Mit bis zu zwölf Espressi hält sich Heidsiek über den Tag verteilt bei guter Stimmung. „Ich liebe diesen Geschmack, das Faible leiste ich mir“, sagt er und schaut bewundernd auf das Blaue Wunder vor seinem Fenster. „Ein toller Ausblick.“

Er weiß noch genau, wie seine ersten Tage in Dresden verliefen. Ohne die Stadt zu kennen, war er aufgrund eines Anrufes aus Italien hergekommen. „Nach zehn Jahren in Mailand wollte ich etwas Eigenes in Deutschland eröffnen. In meiner westfälischen Heimat wäre das mit italienischer Küche nichts geworden. Deshalb war ich offen für alle Angebote. Und eines davon war die Villa Marie“, sagt Heidsiek. Als er davorsteht, weiß er schlagartig, dass es eine Verbindung zwischen diesem Haus und seinem italienischen Traum gibt. Im Juni 1994 eröffnet er sein Restaurant.

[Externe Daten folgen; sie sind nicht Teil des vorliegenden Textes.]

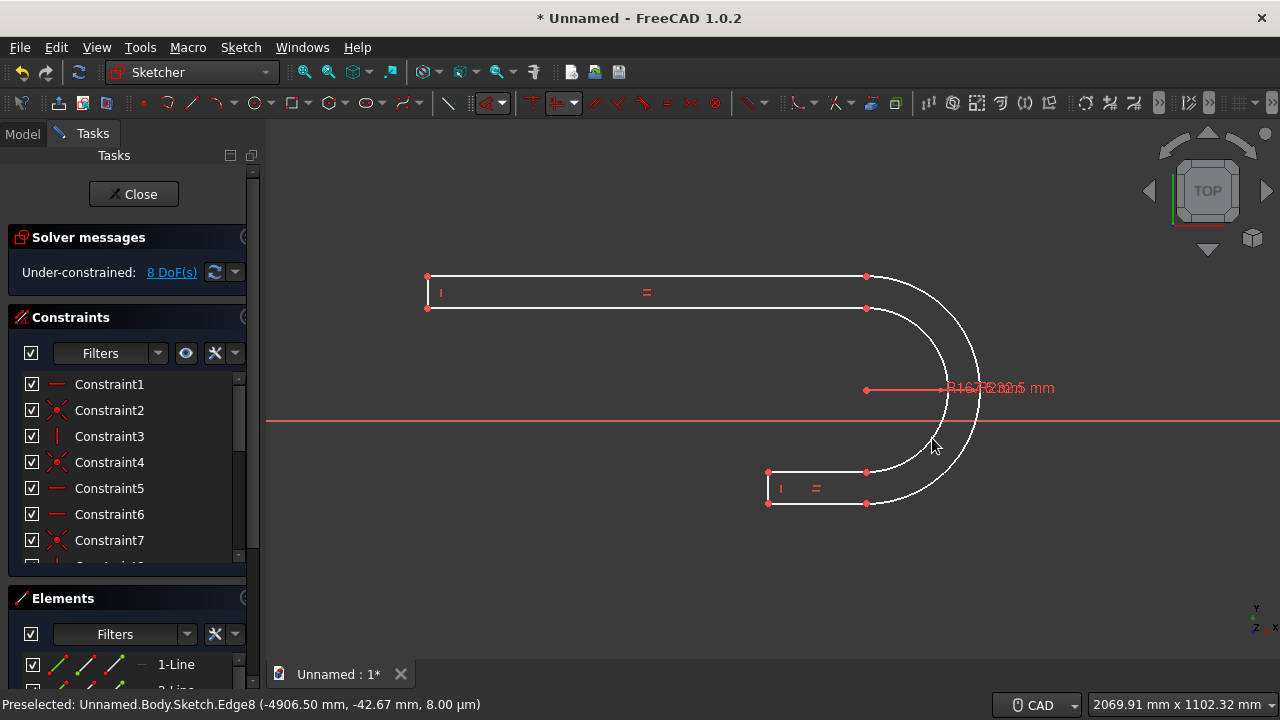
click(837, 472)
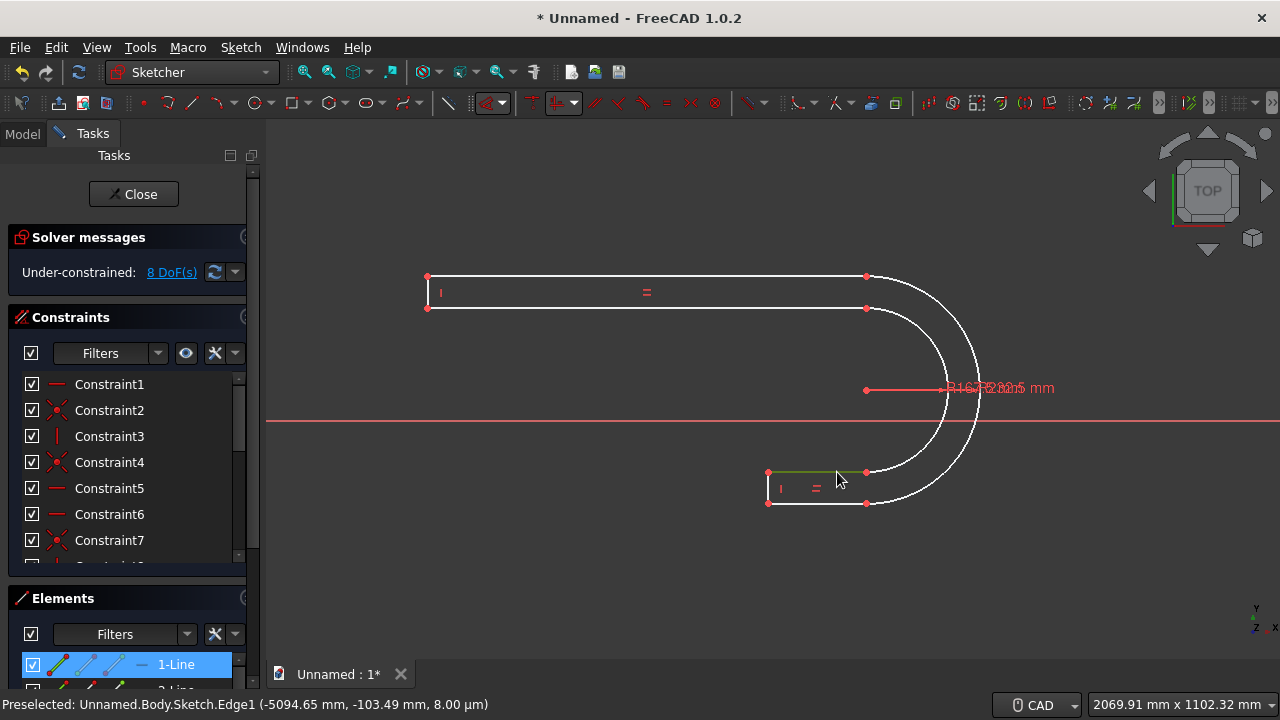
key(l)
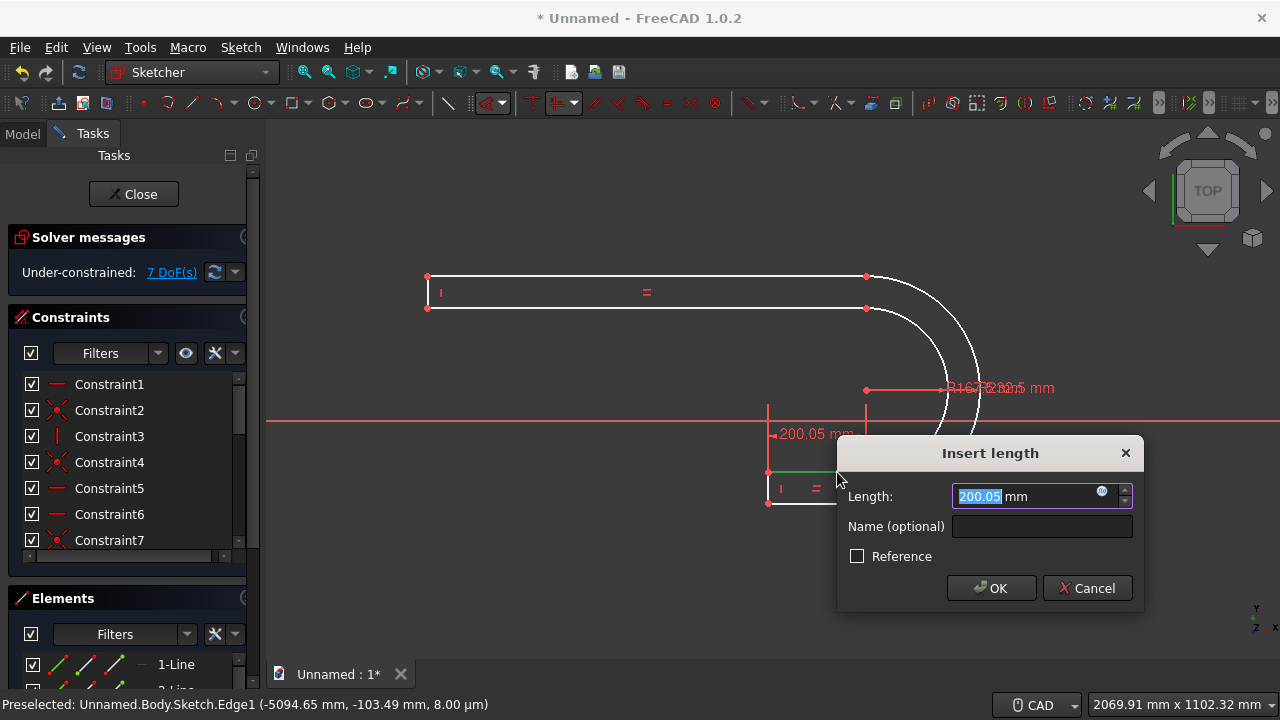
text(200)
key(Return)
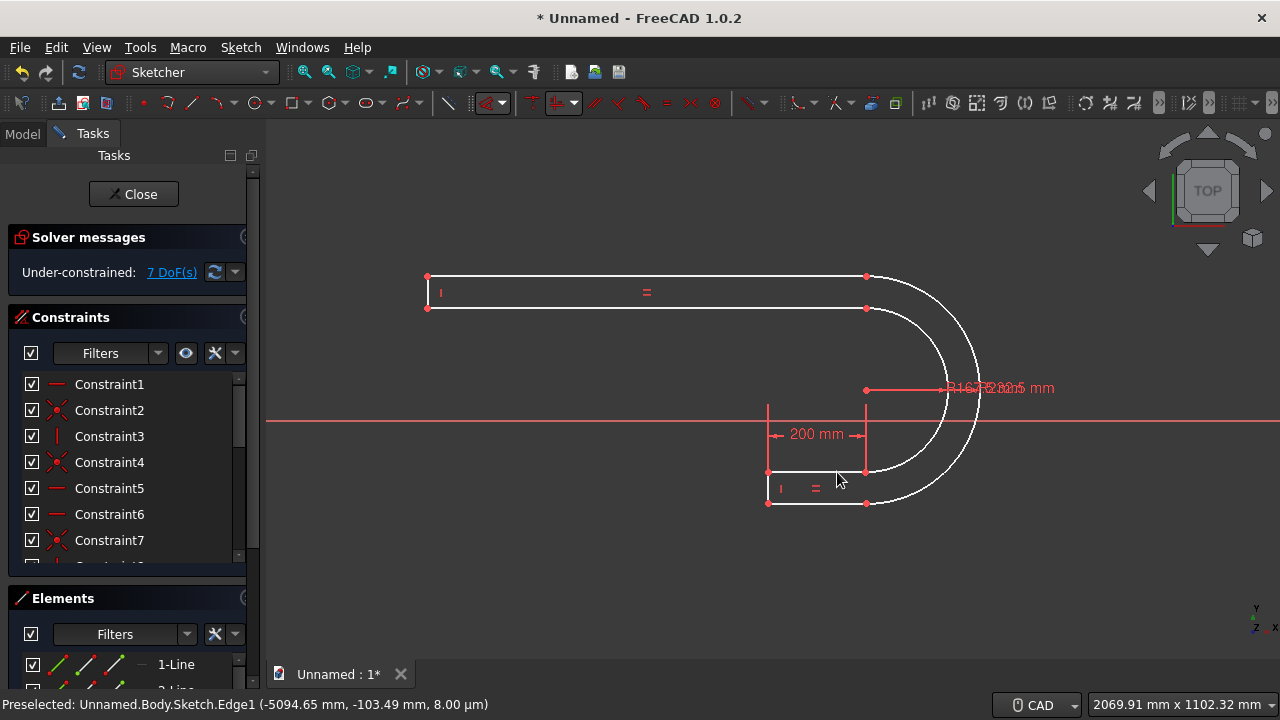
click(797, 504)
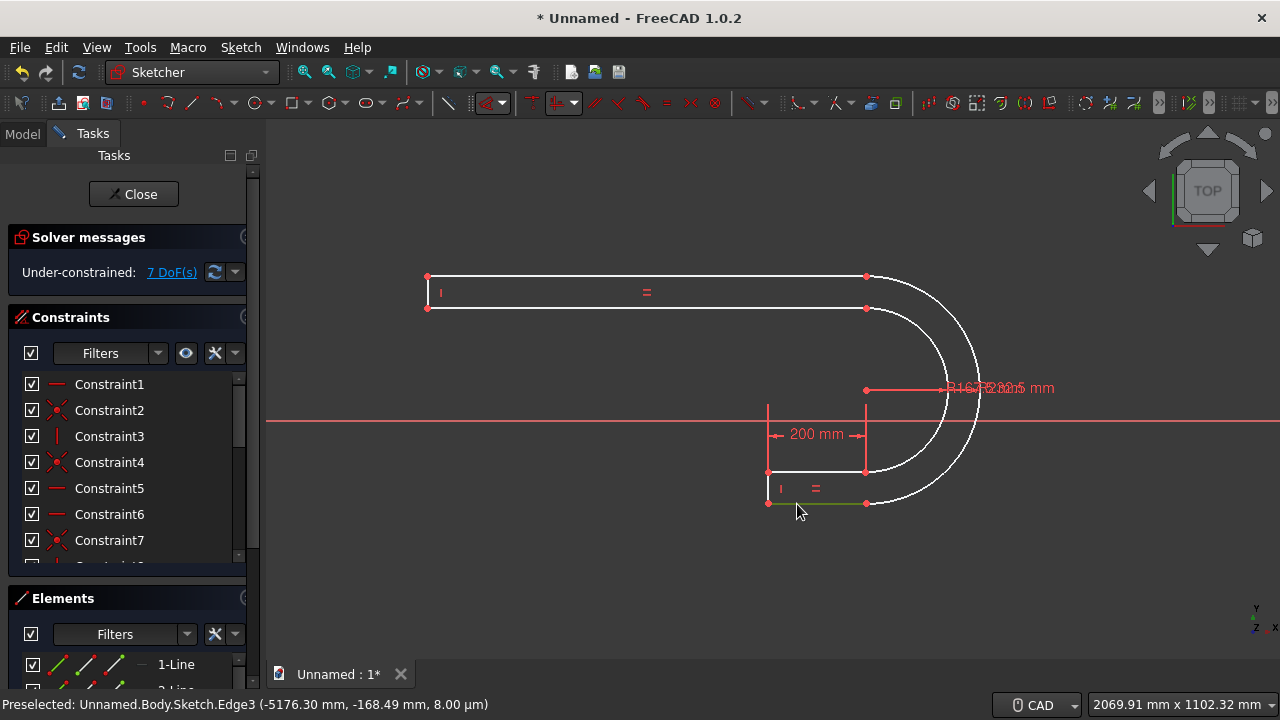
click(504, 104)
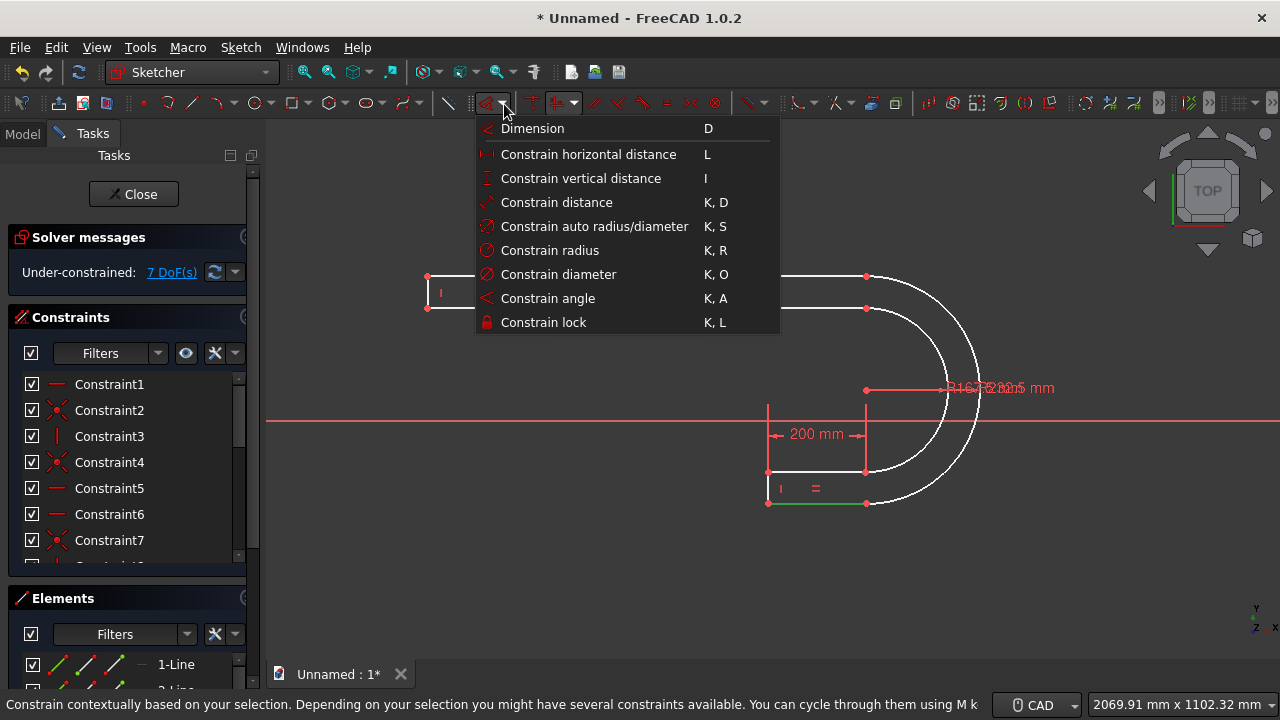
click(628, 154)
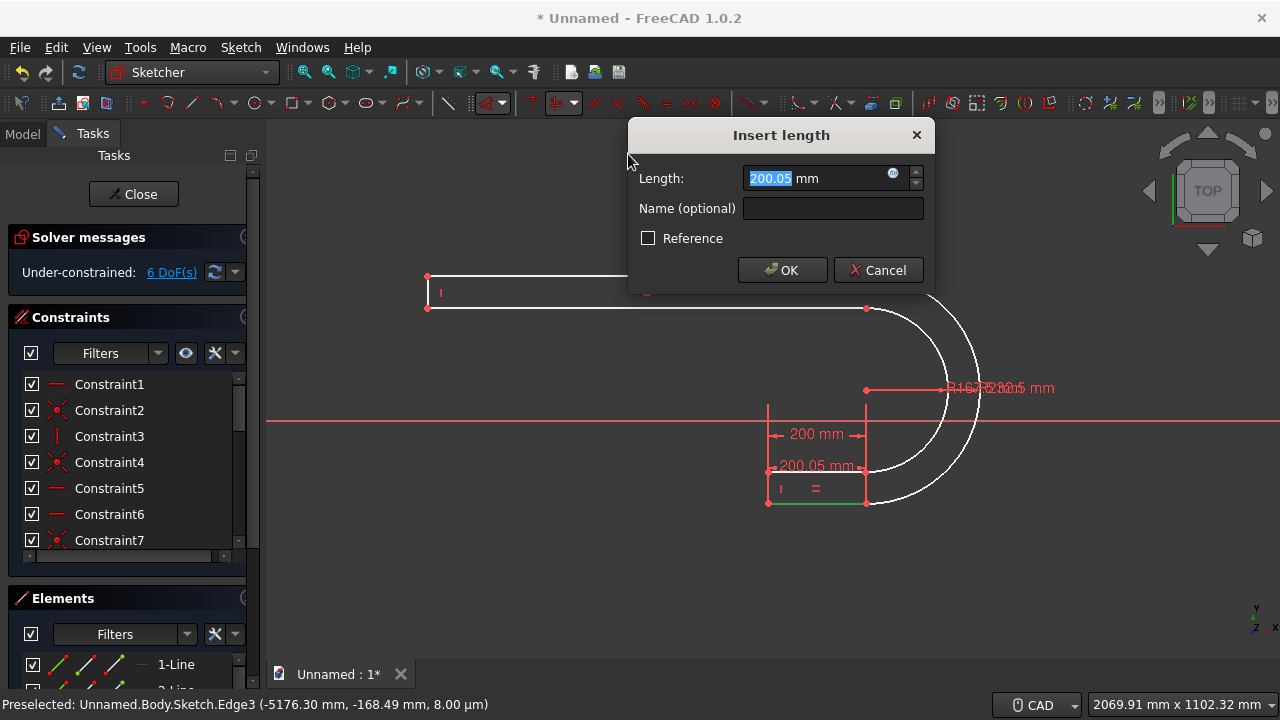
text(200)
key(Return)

Seitdem hat die Villa nicht nur schöne Abende und Hochzeiten erlebt, sondern auch zwei Elbehochwasser. Sechs Monate war sie nach der Flut 2002 geschlossen, drei nach der im Vorjahr. „Wir haben gearbeitet wie verrückt, aber die Dresdner haben trotzdem ständig vor der Tür gestanden und gefragt, wann es wieder losgeht“, sagt der Chef und lächelt. „Obwohl es nur drei Monate waren, haben nach der Wiedereröffnung alle getan, als wären wir zehn Jahre geschlossen gewesen.“

Hin und wieder steht Klaus-Karsten Heidsiek heute noch in der Küche. Dann kocht er so, wie er es immer getan hat: gut und ohne Schnickschnack. So, wie es seine Gäste lieben.